Design and Modeling of Smart Material Systems for High Voltage Insulation

Abstract

Smart materials systems have been widely used to develop sensors, actuators and energy harvesters. This work is driven by the question about the possibility of strengthening electrical insulation systems via new designs based on smart materials/structures. Specifically, in this work, we seek for innovative solutions to partial discharge (PD) detection and mitigation inside gas or liquid insulated high voltage equipment by exploiting smart material systems' response to electric potential or current changes. The early-concept design includes a dielectric elastomer based actuator which has a spring that is relaxed when normal high voltage is applied to the elastomer (stretched). When partial discharge occurs, the voltage drop will cause the elastomer to contract, compress the spring, enlarge the insulation gap, and lower the electric field. The transient response of the dielectric elastomer actuator subject to PD voltage pulses is simulated.
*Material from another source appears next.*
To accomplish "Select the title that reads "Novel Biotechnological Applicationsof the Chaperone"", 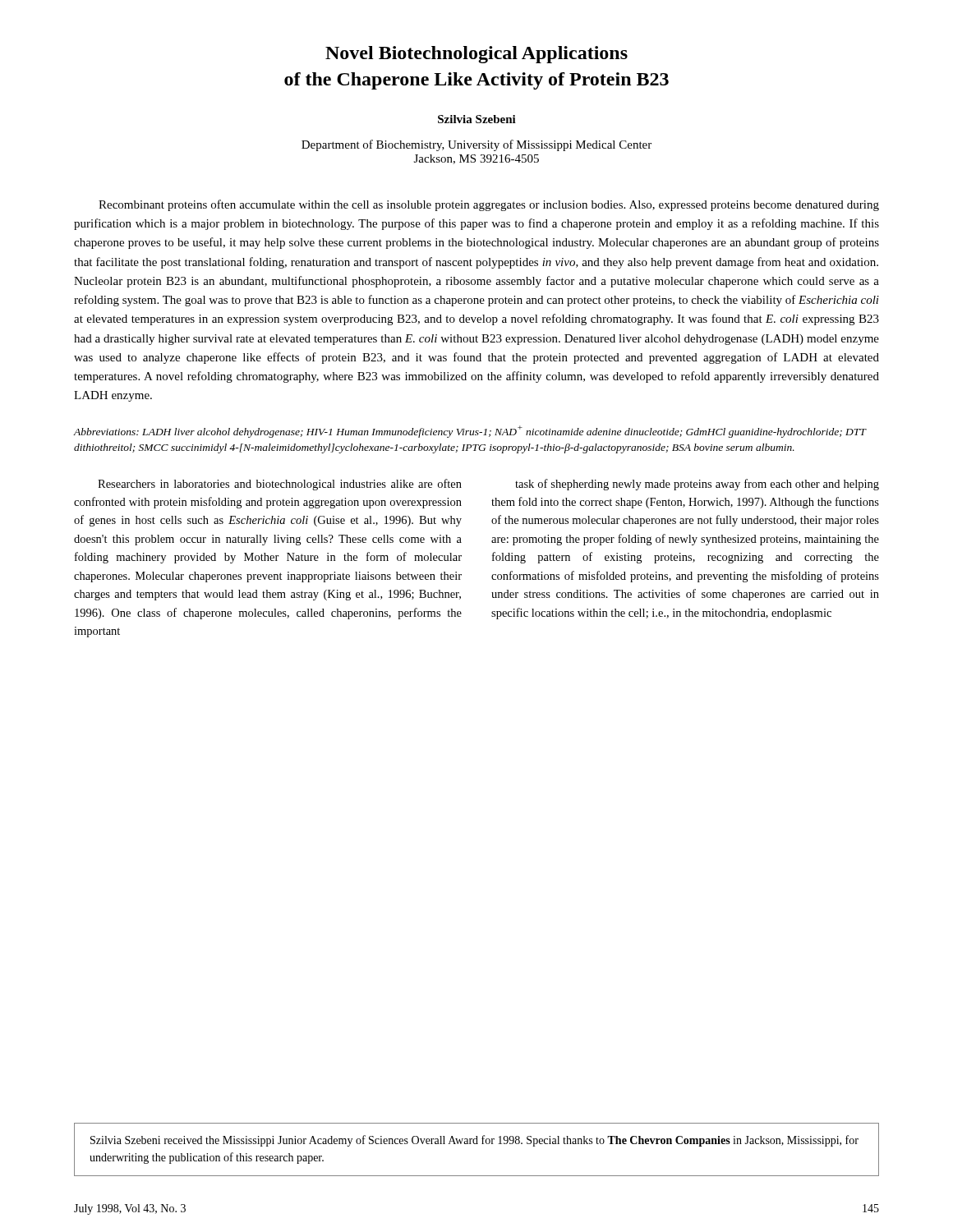I will tap(476, 66).
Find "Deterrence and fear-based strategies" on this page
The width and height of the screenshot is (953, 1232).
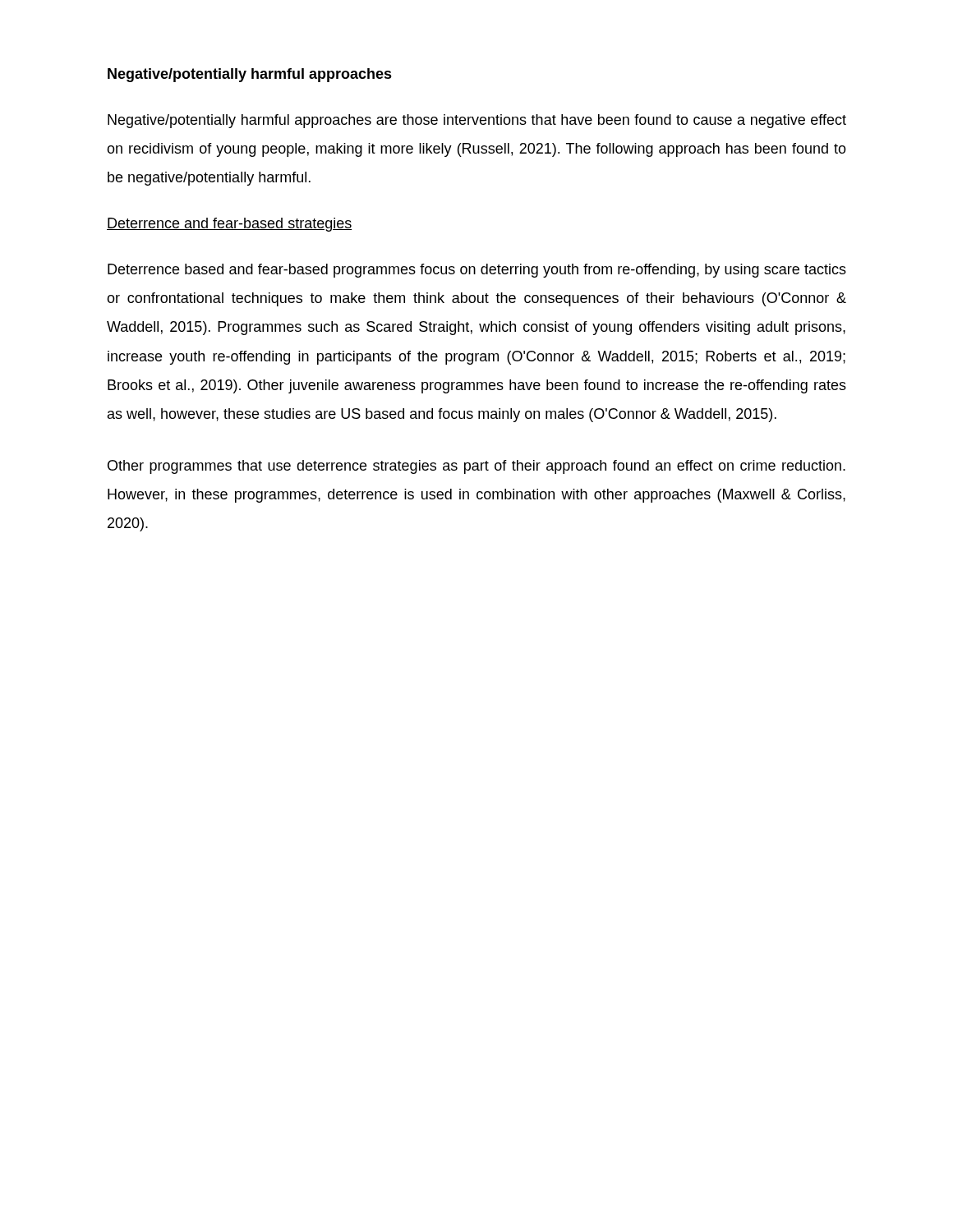(x=229, y=224)

The results indicate that the systems can respond to PD in the direction toward PD suppression. This work also explores various settings to reveal the requirements on the material and system parameters for their use in high voltage insulation. This work presents a promising paradigm in the electrical insulation of high voltage equipment which combines sensing and actuating in the same material and features “responsive monitoring” by harnessing the electromechanical and/or electrochemical properties of smart materials.